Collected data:
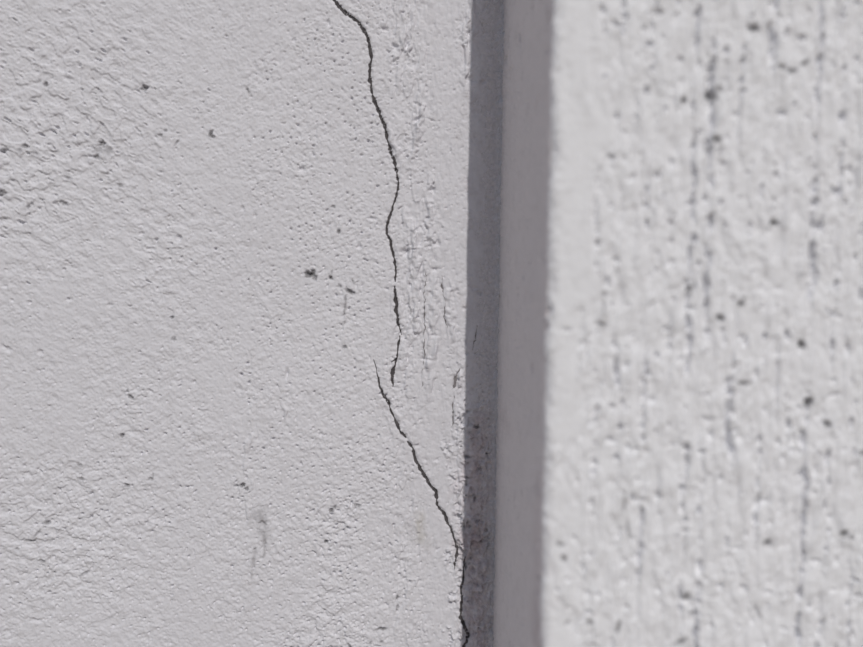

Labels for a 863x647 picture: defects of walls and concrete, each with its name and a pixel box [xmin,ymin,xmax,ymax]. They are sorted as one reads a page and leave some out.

crack [333,0,470,647]
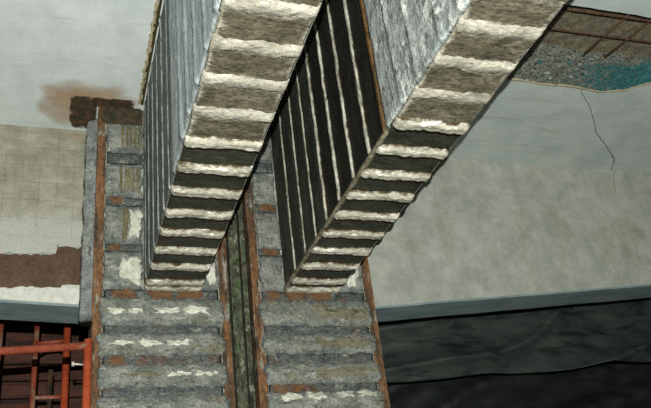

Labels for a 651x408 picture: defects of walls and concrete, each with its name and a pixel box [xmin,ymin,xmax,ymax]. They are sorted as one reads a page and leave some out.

spalling [506,5,651,93]
corrosion [49,88,142,128]
crack [581,90,616,193]
peeling [0,244,81,304]
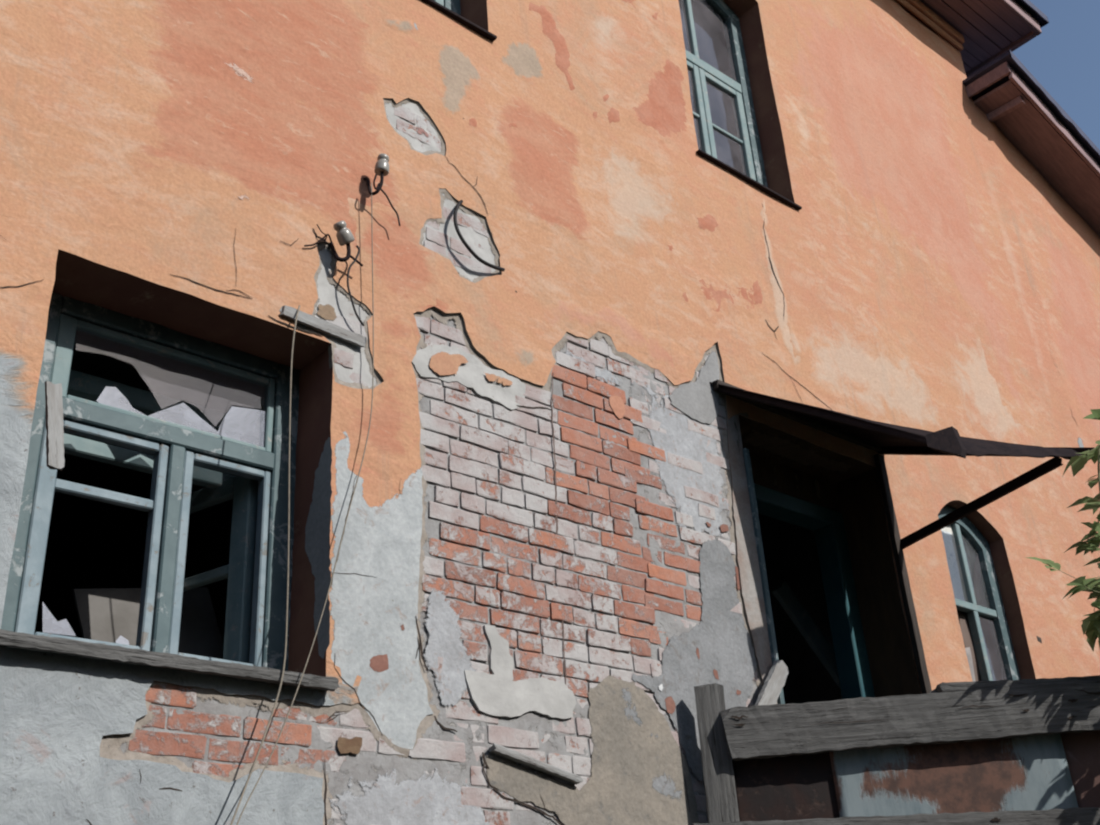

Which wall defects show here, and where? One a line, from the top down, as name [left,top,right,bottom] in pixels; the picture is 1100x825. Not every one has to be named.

flaking render [383,40,481,156]
flaking render [501,2,575,91]
peeling [583,54,692,258]
crack [171,230,323,337]
flaking render [294,243,382,389]
flaking render [419,189,500,283]
crack [762,204,832,410]
flaking render [0,308,772,825]

Problem statement: Leave the pictures behind and transcribe every record above exactly.

Output of the exercise:
Labels for a 863x647 picture: defects of walls and concrete, each with its name and a pixel box [xmin,ymin,xmax,ymax]. They are sorted as one reads a page and leave some out.

crack [333,0,470,647]

Labels for a 651x408 picture: defects of walls and concrete, each with its name and a pixel box [xmin,ymin,xmax,ymax]. They are sorted as one reads a page and leave some out.

spalling [506,5,651,93]
corrosion [49,88,142,128]
crack [581,90,616,193]
peeling [0,244,81,304]

Which wall defects show here, and where? One a line, from the top down, as name [left,top,right,bottom] in pixels; the picture is 1100x825. Not every one has to be named.

flaking render [383,40,481,156]
flaking render [501,2,575,91]
peeling [583,54,692,258]
crack [171,230,323,337]
flaking render [294,243,382,389]
flaking render [419,189,500,283]
crack [762,204,832,410]
flaking render [0,308,772,825]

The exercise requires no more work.